Compressor summary: DivAvatar generates diverse 3D avatars from text using a finetuned 3D generative model and novel techniques for appearance and geometry quality.


An Interpretable Evaluation of Entropy-based Novelty of Generative Models

http://arxiv.org/abs/2402.17287v1

Compressor summary: The paper proposes a spectral method, Kernel-based Entropic Novelty (KEN) score, to measure the novelty of multi-modal generative models compared to a reference dataset.


Enhancing Hyperspectral Images via Diffusion Model and Group-Autoencoder Super-resolution Network

http://arxiv.org/abs/2402.17285v1

Compressor summary: The DMGASR method combines a Group-Autoencoder with a diffusion model to improve hyperspectral image super-resolution, overcoming challenges such as convergence issues and long inference time.

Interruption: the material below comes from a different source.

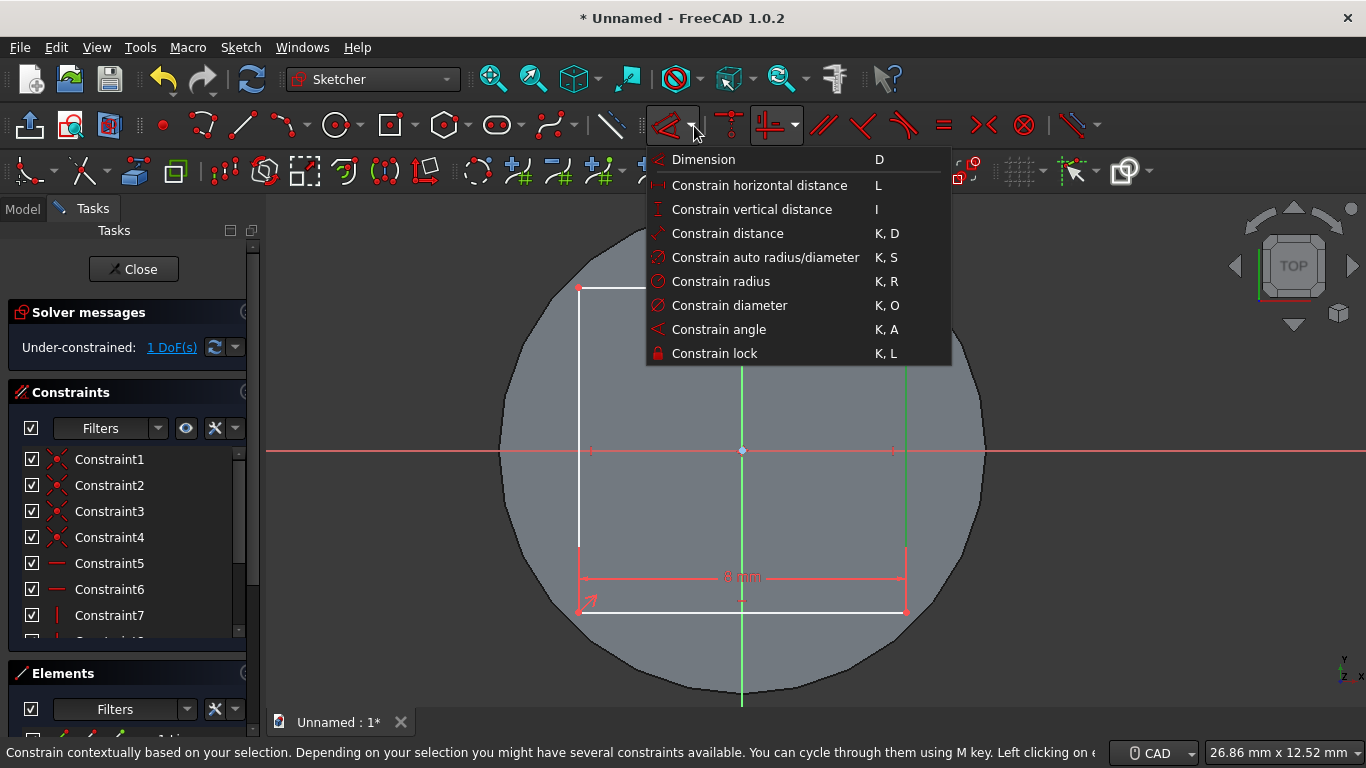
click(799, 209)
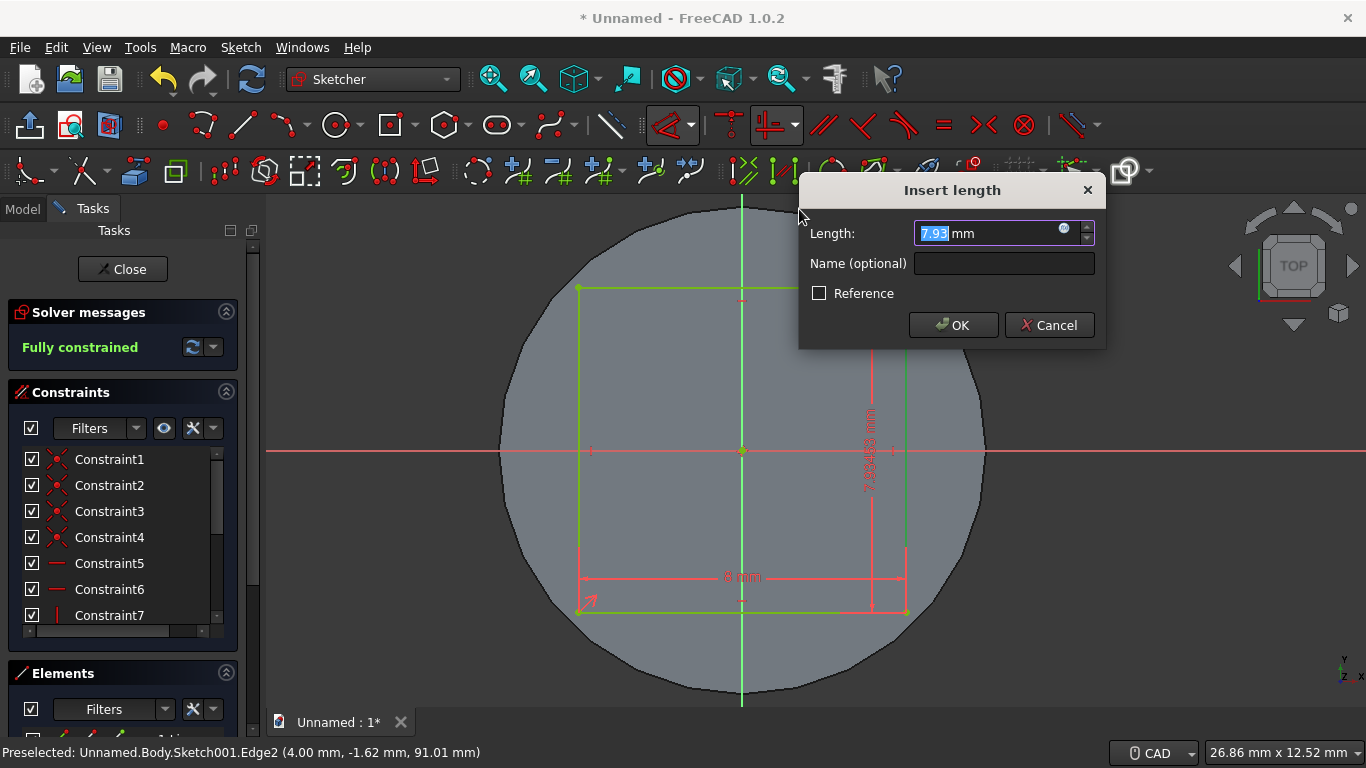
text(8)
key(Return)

One-Shot Structure-Aware Stylized Image Synthesis

http://arxiv.org/abs/2402.17275v1

Compressor summary: OSASIS is a novel one-shot image stylization method that preserves structure and semantics, and outperforms existing methods in various experimental settings.

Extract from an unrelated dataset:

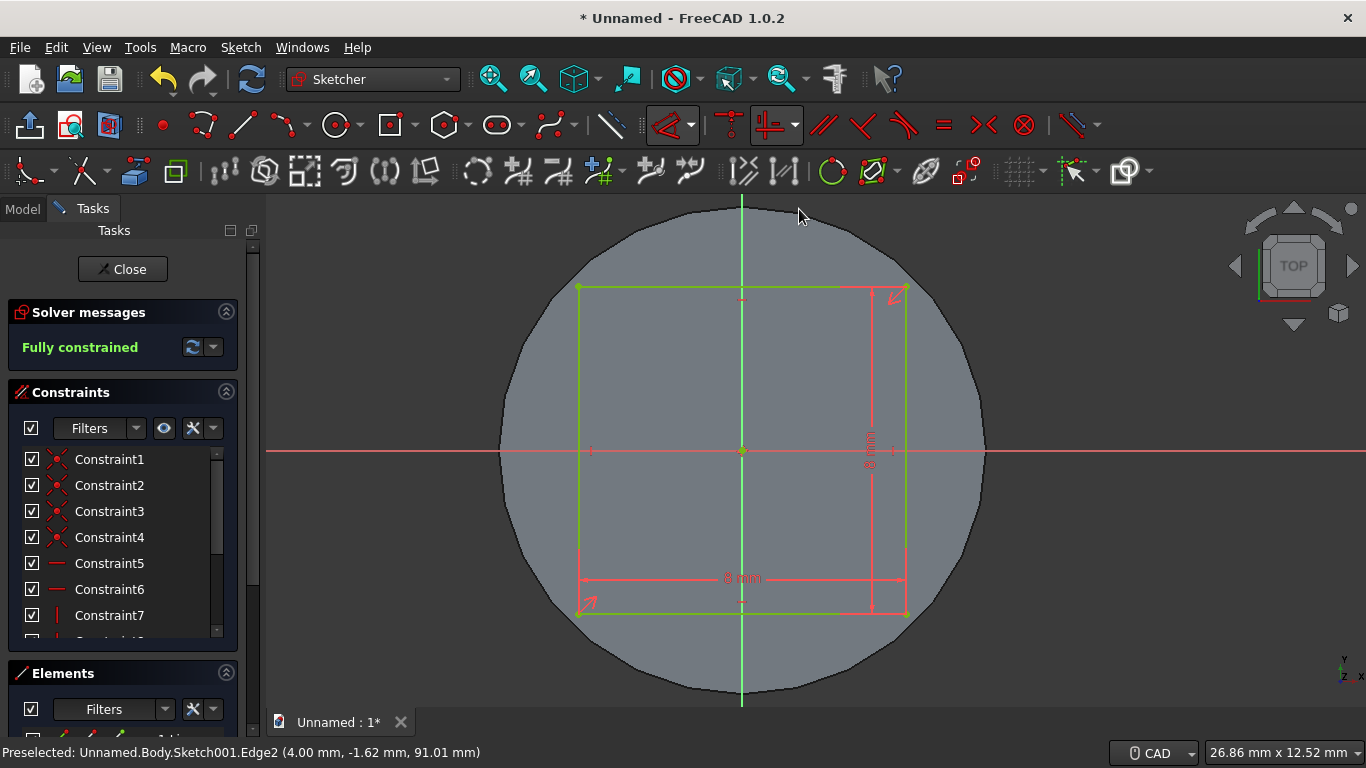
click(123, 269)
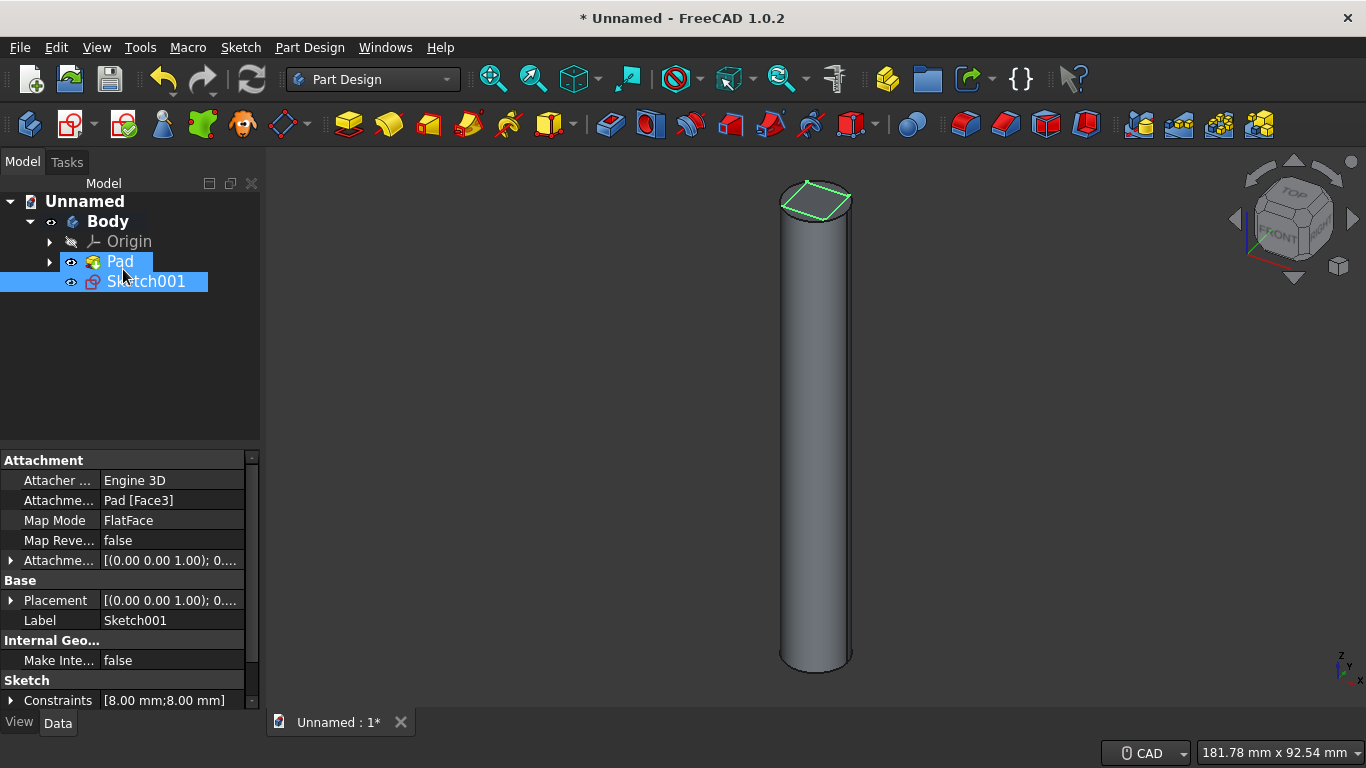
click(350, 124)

Multi-Agent, Human-Agent and Beyond: A Survey on Cooperation in Social Dilemmas

http://arxiv.org/abs/2402.17270v1

Compressor summary: This survey summarizes AI advancements in understanding and enhancing cooperation in social dilemmas, covering multi-agent cooperation, human-agent cooperation, and using AI to improve human cooperation.


Explicit Interaction for Fusion-Based Place Recognition

http://arxiv.org/abs/2402.17264v1

Compressor summary: The paper introduces EINet, a novel fusion-based network that explicitly interacts with LiDAR and camera modalities for place recognition in GPS-denied scenarios, and proposes a new benchmark based on the nuScenes dataset.


Mini-Ensemble Low-Rank Adapters for Parameter-Efficient Fine-Tuning

http://arxiv.org/abs/2402.17263v1

Compressor summary: MELoRA is a method that uses mini-ensembles of low-rank adapters to fine-tune large language models with fewer parameters and better performance than LoRA on various NLP tasks.


Speak Out of Turn: Safety Vulnerability of Large Language Models in Multi-turn Dialogue

http://arxiv.org/abs/2402.17262v1

Compressor summary: This paper shows that large language models can be tricked into generating harmful information through multi-turn dialogue, revealing safety issues in these models.


RIME: Robust Preference-based Reinforcement Learning with Noisy Preferences

http://arxiv.org/abs/2402.17257v1

Compressor summary: RIME is a robust preference-based reinforcement learning algorithm that uses human preferences as rewards, improves learning from noisy data, and incorporates a warm start to bridge the performance gap during transition.


Beyond the Known: Investigating LLMs Performance on Out-of-Domain Intent Detection

http://arxiv.org/abs/2402.17256v1

Compressor summary: The paper evaluates large language models' performance on out-of-domain intent detection in task-oriented dialogue systems, finding they perform well with little data but still lag behind fine-tuned models.


Context-based and Diversity-driven Specificity in Compositional Zero-Shot Learning

http://arxiv.org/abs/2402.17251v1

Compressor summary: CDS-CZSL is a novel framework that improves attribute recognition by considering object diversity and context, achieving state-of-the-art results in both closed and open world scenarios.